I had to think that my hearing was bad. Either that or somebody had slipped me some LSD. “You really believe that, don’t you?”

He let the smile widen a little. “Is there a reason I shouldn’t believe it?”

“You? No, I guess you would have to believe something like that. I guess being what you are, that’s all that makes sense.”

He held up a hand to cut me off. “Don’t think I believe you’re a bad person, Mr. Knight. Grief does funny things to some people.” He said it in a way that meant, little, mean, dirty, and grubby types who couldn’t play tennis. “Nonetheless we can’t allow this to go any further.”

“You think Doyle killed the McAuleys because of my grief?” I asked him.

“I think you’ve decided to make a little trouble for the City out of grief. Understandable, in a way. Which is why I am again authorized to offer you a settlement for your original problem.” He gave me a new smile, an understanding one this time. “Not quite the original terms, of course.”

“And you really think I’ll take the money and disappear?”

“You’re going to disappear in any case, Mr. Knight. Either back where you came from or into jail. And yes, I think that if you can make a little money off all this, you’ll be a happy man.”

I stood up. “Nothing you can say or do would make me a happy man, Mr. Woodstock. Just being in the same room with you makes me want to wash my hands.” I turned to go.

“Mr. Knight.” His voice lashed at me. I looked back at him. “If I hear any more about this from you, you are going to find yourself in court, and then in jail. Is that clear?”

Now I looked at him long and hard. Cops develop resources, and one of them is the Hard Cop Stare. I gave it to Woodstock, both barrels. It was easy; I meant it.

I walked over to his desk. I got all the way there without sinking out of sight into his carpet. When I was there I leaned both knuckles on his desk and put my face as close to his as I could get it. Across that desk it still wasn’t very close.

“I don’t know what Doyle told you. I’d guess you’re not in it with him, because that takes a certain amount of warped passion, and I don’t think you’re capable of any, warped or otherwise. I think you’re just a garden-variety, self-important slimebag full of expensive insecurity and you don’t really know anything, so you think money is always the answer.”

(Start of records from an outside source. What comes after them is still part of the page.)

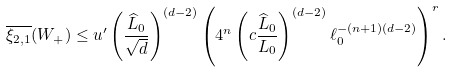<formula> <loc_0><loc_0><loc_500><loc_500>\overline { \xi _ { 2 , 1 } } ( W _ { + } ) \leq u ^ { \prime } \left ( \frac { \widehat { L } _ { 0 } } { \sqrt { d } } \right ) ^ { ( d - 2 ) } \left ( 4 ^ { n } \left ( c \frac { \widehat { L } _ { 0 } } { L _ { 0 } } \right ) ^ { ( d - 2 ) } \ell _ { 0 } ^ { - ( n + 1 ) ( d - 2 ) } \right ) ^ { r } .</formula> 
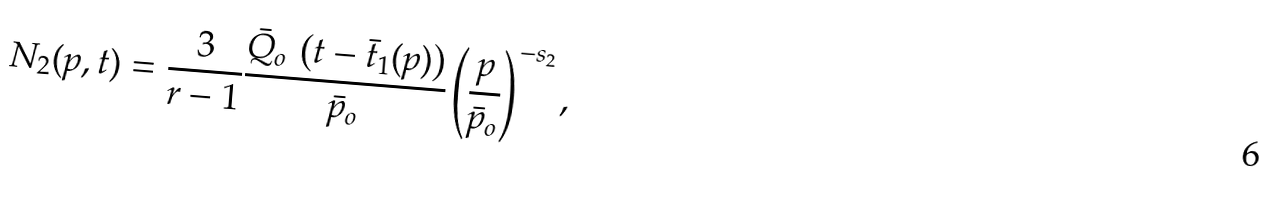Convert formula to latex. <formula><loc_0><loc_0><loc_500><loc_500>N _ { 2 } ( p , t ) = \frac { 3 } { r - 1 } \frac { \bar { Q } _ { o } \, \left ( t - \bar { t } _ { 1 } ( p ) \right ) } { \bar { p } _ { o } } \left ( \frac { p } { \bar { p } _ { o } } \right ) ^ { - s _ { 2 } } ,</formula> 
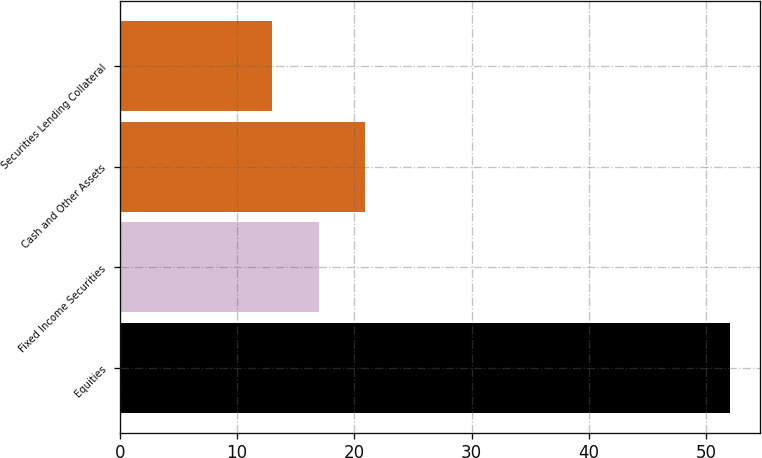Convert chart. <chart><loc_0><loc_0><loc_500><loc_500><bar_chart><fcel>Equities<fcel>Fixed Income Securities<fcel>Cash and Other Assets<fcel>Securities Lending Collateral<nl><fcel>52<fcel>17<fcel>20.9<fcel>13<nl></chart> 
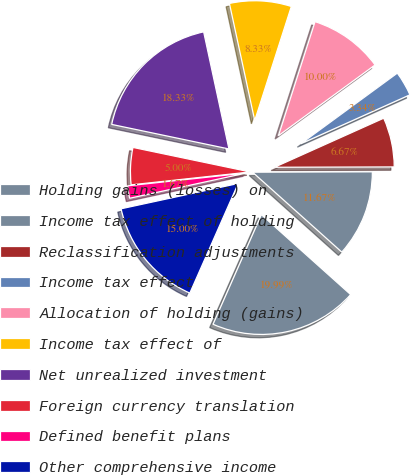<chart> <loc_0><loc_0><loc_500><loc_500><pie_chart><fcel>Holding gains (losses) on<fcel>Income tax effect of holding<fcel>Reclassification adjustments<fcel>Income tax effect<fcel>Allocation of holding (gains)<fcel>Income tax effect of<fcel>Net unrealized investment<fcel>Foreign currency translation<fcel>Defined benefit plans<fcel>Other comprehensive income<nl><fcel>19.99%<fcel>11.67%<fcel>6.67%<fcel>3.34%<fcel>10.0%<fcel>8.33%<fcel>18.33%<fcel>5.0%<fcel>1.67%<fcel>15.0%<nl></chart> 
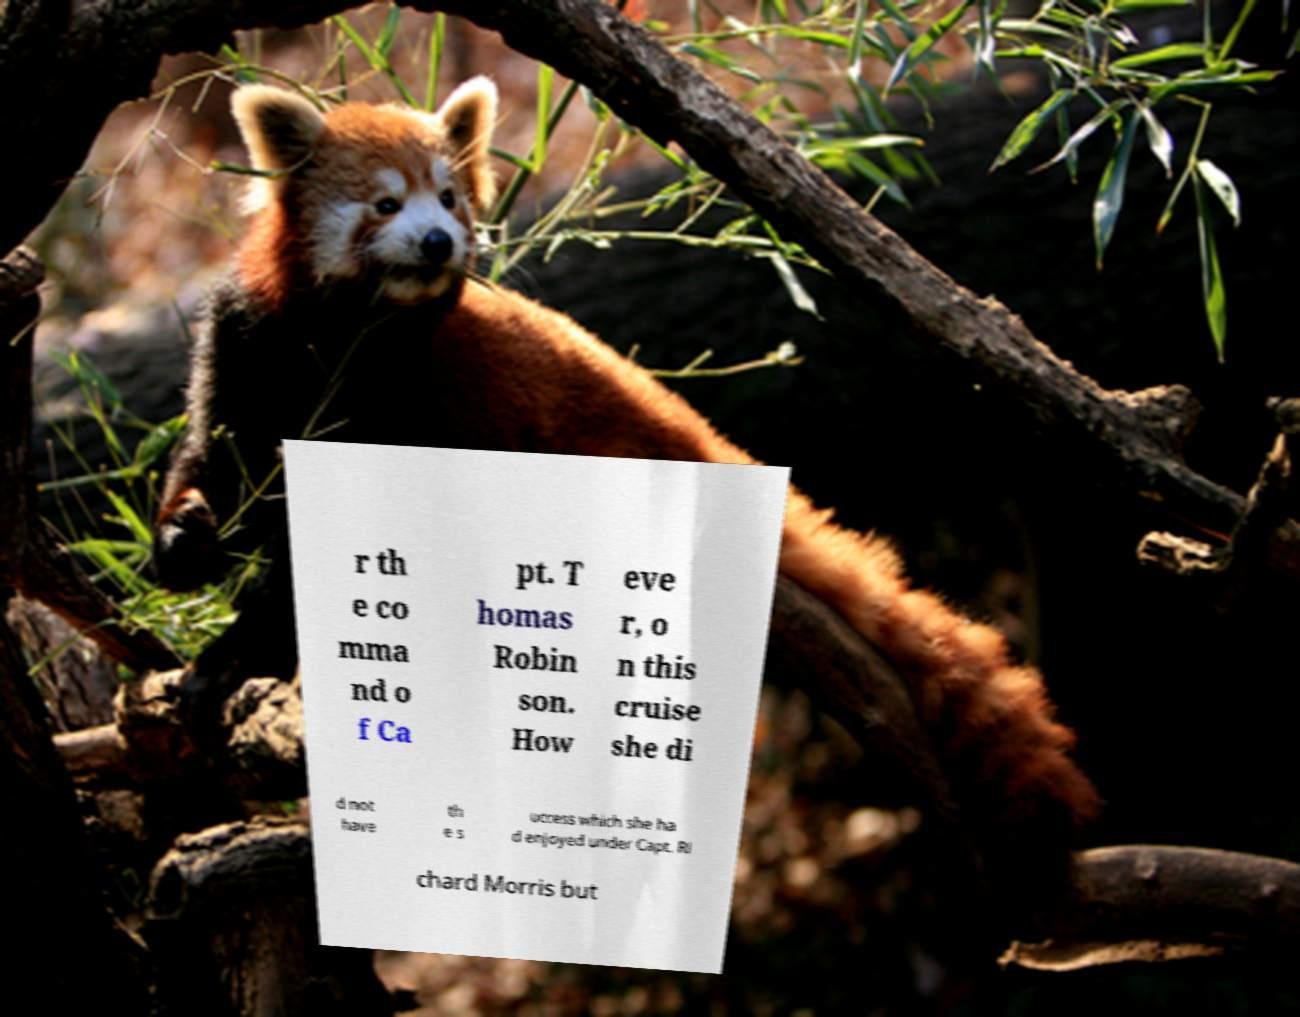Please read and relay the text visible in this image. What does it say? r th e co mma nd o f Ca pt. T homas Robin son. How eve r, o n this cruise she di d not have th e s uccess which she ha d enjoyed under Capt. Ri chard Morris but 
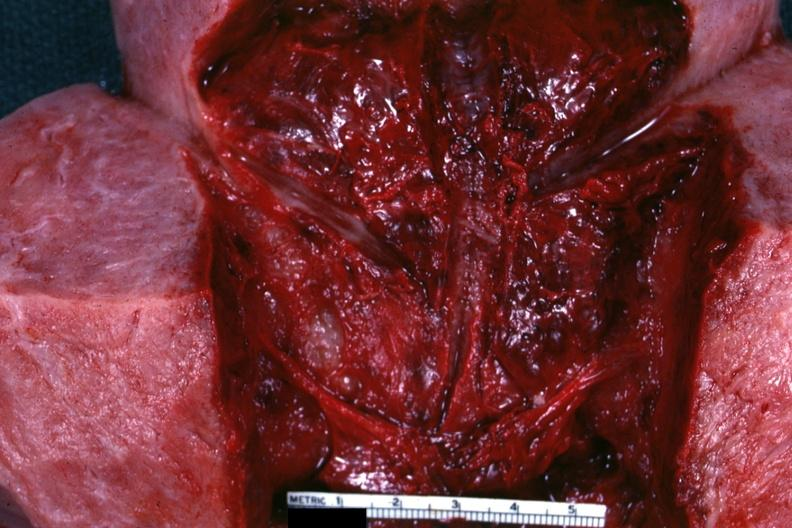what does this image show?
Answer the question using a single word or phrase. Close-up view of endometrial surface 18 hours after a cesarean section 
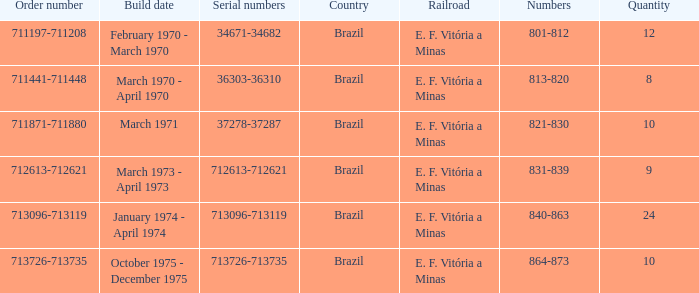What are the values for the order number 713096-713119? 840-863. 
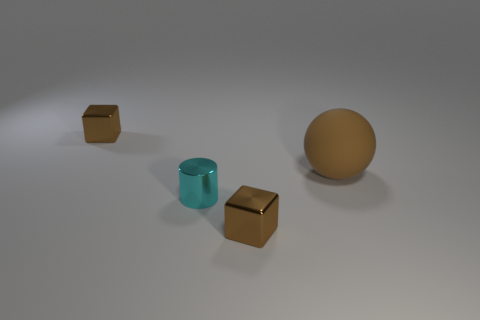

“Really, Mr. Knight,” he started, but I stopped him. He had already lost a little of the color underneath his expensive tan. I could almost hear him thinking, Nobody talks to me this way.

“Yes, really,” I said. “And I’ll tell you one more thing. You can go ahead and plan on seeing me in court. So you better find yourself a good lawyer.”

He licked his lips, and I left him there.

I rode down to the parking garage, where two cops stood beside my rented car. “William Knight?” they asked.

Chapter Twenty-Nine

I was parked in front of Nancy’s building by 5:20. I had come straight from the Century City bureau, where once again I had sat in a room with no company until they decided I could go. Still no explanation. I wouldn’t have waited for one even if they’d offered it. Carefully observing all the traffic regulations, I drove across town and found a legal parking spot in front of Nancy’s building.

I spent thirty-five minutes grinding my teeth and listening to the radio. It seemed like all my doubts about coming to L.A were paying off double. I was getting nowhere with Roscoe’s murder. I was actually movin

g backwards, since all I’d done so far was alert the killer so he’d be ready for the first serious attempt to nail him. That and building up a police record.

And then the whole thing with Nancy. I’d gone into it without a clue about what I was doing and bungled it from the first. If she was still willing to speak to me when I finished explaining, it would be a minor miracle.